L'arrêt de la Cour de justice de l'Union européenne (ECJ) contre la justice polonaise pour violation des principes du droit de l'UE porte un message à la Cour constitutionnelle fédérale allemande. L'expert juridique de Bielefeld, Franz Mayer, y voit un rappel selon lequel l'ECJ a le dernier mot et que le droit de l'UE prime sur le droit national.

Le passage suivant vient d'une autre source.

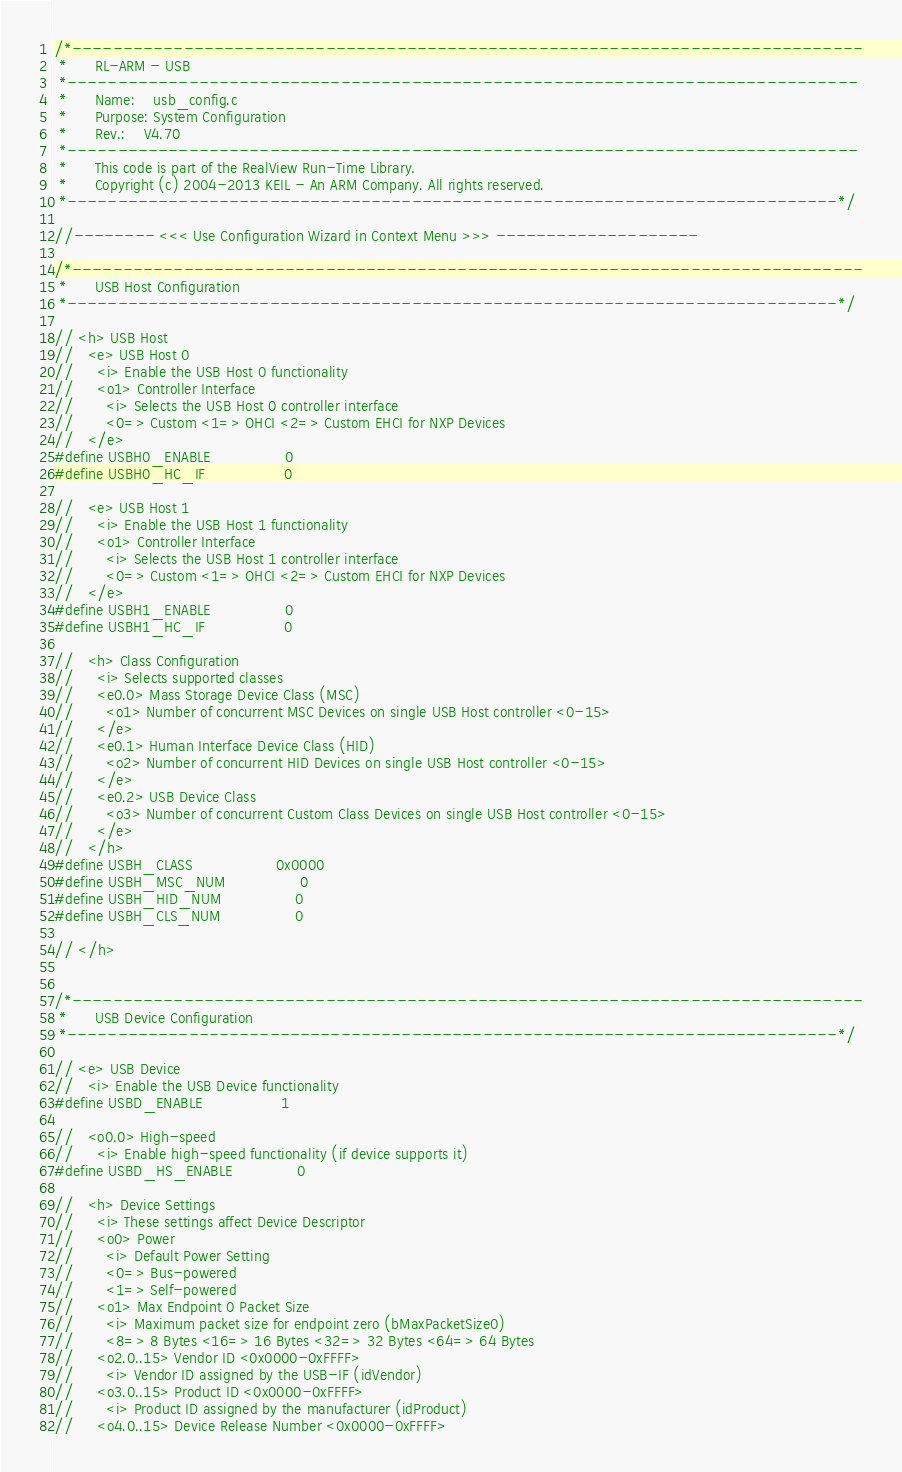Convert code to text. <code><loc_0><loc_0><loc_500><loc_500><_C_>/*------------------------------------------------------------------------------
 *      RL-ARM - USB
 *------------------------------------------------------------------------------
 *      Name:    usb_config.c
 *      Purpose: System Configuration
 *      Rev.:    V4.70
 *------------------------------------------------------------------------------
 *      This code is part of the RealView Run-Time Library.
 *      Copyright (c) 2004-2013 KEIL - An ARM Company. All rights reserved.
 *----------------------------------------------------------------------------*/

//-------- <<< Use Configuration Wizard in Context Menu >>> --------------------

/*------------------------------------------------------------------------------
 *      USB Host Configuration
 *----------------------------------------------------------------------------*/

// <h> USB Host
//   <e> USB Host 0
//     <i> Enable the USB Host 0 functionality
//     <o1> Controller Interface 
//       <i> Selects the USB Host 0 controller interface
//       <0=> Custom <1=> OHCI <2=> Custom EHCI for NXP Devices
//   </e>
#define USBH0_ENABLE                0
#define USBH0_HC_IF                 0

//   <e> USB Host 1
//     <i> Enable the USB Host 1 functionality
//     <o1> Controller Interface 
//       <i> Selects the USB Host 1 controller interface
//       <0=> Custom <1=> OHCI <2=> Custom EHCI for NXP Devices
//   </e>
#define USBH1_ENABLE                0
#define USBH1_HC_IF                 0

//   <h> Class Configuration
//     <i> Selects supported classes
//     <e0.0> Mass Storage Device Class (MSC)
//       <o1> Number of concurrent MSC Devices on single USB Host controller <0-15>
//     </e>
//     <e0.1> Human Interface Device Class (HID)
//       <o2> Number of concurrent HID Devices on single USB Host controller <0-15>
//     </e>
//     <e0.2> USB Device Class
//       <o3> Number of concurrent Custom Class Devices on single USB Host controller <0-15>
//     </e>
//   </h>
#define USBH_CLASS                  0x0000
#define USBH_MSC_NUM                0
#define USBH_HID_NUM                0
#define USBH_CLS_NUM                0

// </h>


/*------------------------------------------------------------------------------
 *      USB Device Configuration
 *----------------------------------------------------------------------------*/

// <e> USB Device
//   <i> Enable the USB Device functionality
#define USBD_ENABLE                 1

//   <o0.0> High-speed
//     <i> Enable high-speed functionality (if device supports it)
#define USBD_HS_ENABLE              0

//   <h> Device Settings
//     <i> These settings affect Device Descriptor
//     <o0> Power
//       <i> Default Power Setting
//       <0=> Bus-powered
//       <1=> Self-powered
//     <o1> Max Endpoint 0 Packet Size
//       <i> Maximum packet size for endpoint zero (bMaxPacketSize0)
//       <8=> 8 Bytes <16=> 16 Bytes <32=> 32 Bytes <64=> 64 Bytes
//     <o2.0..15> Vendor ID <0x0000-0xFFFF>
//       <i> Vendor ID assigned by the USB-IF (idVendor)
//     <o3.0..15> Product ID <0x0000-0xFFFF>
//       <i> Product ID assigned by the manufacturer (idProduct)
//     <o4.0..15> Device Release Number <0x0000-0xFFFF></code>

Cela touche des aspects sensibles de la jurisprudence allemande.
La CJUE a condamné la Pologne car sa Cour constitutionnelle a refusé de reconnaître les arrêts de la plus haute juridiction de l'UE, invoquant la constitution polonaise. Les juges de Luxembourg ont insisté sur le fait que le droit de l'UE prime sur le droit national. Franz Mayer, de l'université de Bielefeld, y voit un signal clair adressé aux cours suprêmes nationales, y compris à la Cour constitutionnelle fédérale allemande de Karlsruhe.
Mayer déclare : « Cela reste un « point de rupture » avec les cours suprêmes nationales. » Il estime que la CJUE aurait rendu un jugement similaire dans l'affaire allemande concernant la controversée décision de la Banque centrale européenne (BCE) de 2020. À l'époque, la Cour constitutionnelle fédérale avait ignoré une décision de Luxembourg, arguant que le droit de l'UE ne devait pas empiéter sur l'identité constitutionnelle nationale.
La Commission européenne avait engagé une procédure d'infraction contre l'Allemagne mais y a renoncé après des assurances du gouvernement fédéral. Mayer note : « L'« éléphant constitutionnel de Karlsruhe » était visiblement présent dans la pièce. » Néanmoins, l'expert indique que la Cour constitutionnelle fédérale est d'accord sur de nombreux points de l'arrêt, comme les défauts de nomination dans la cour polonaise qui ont sapé son indépendance.
Ce jugement met en lumière les tensions persistantes entre le droit de l'UE et la souveraineté nationale, comme on le voit dans d'autres pays. Il incite à reconnaître l'autorité de la CJUE sans balayer toutes les préoccupations nationales.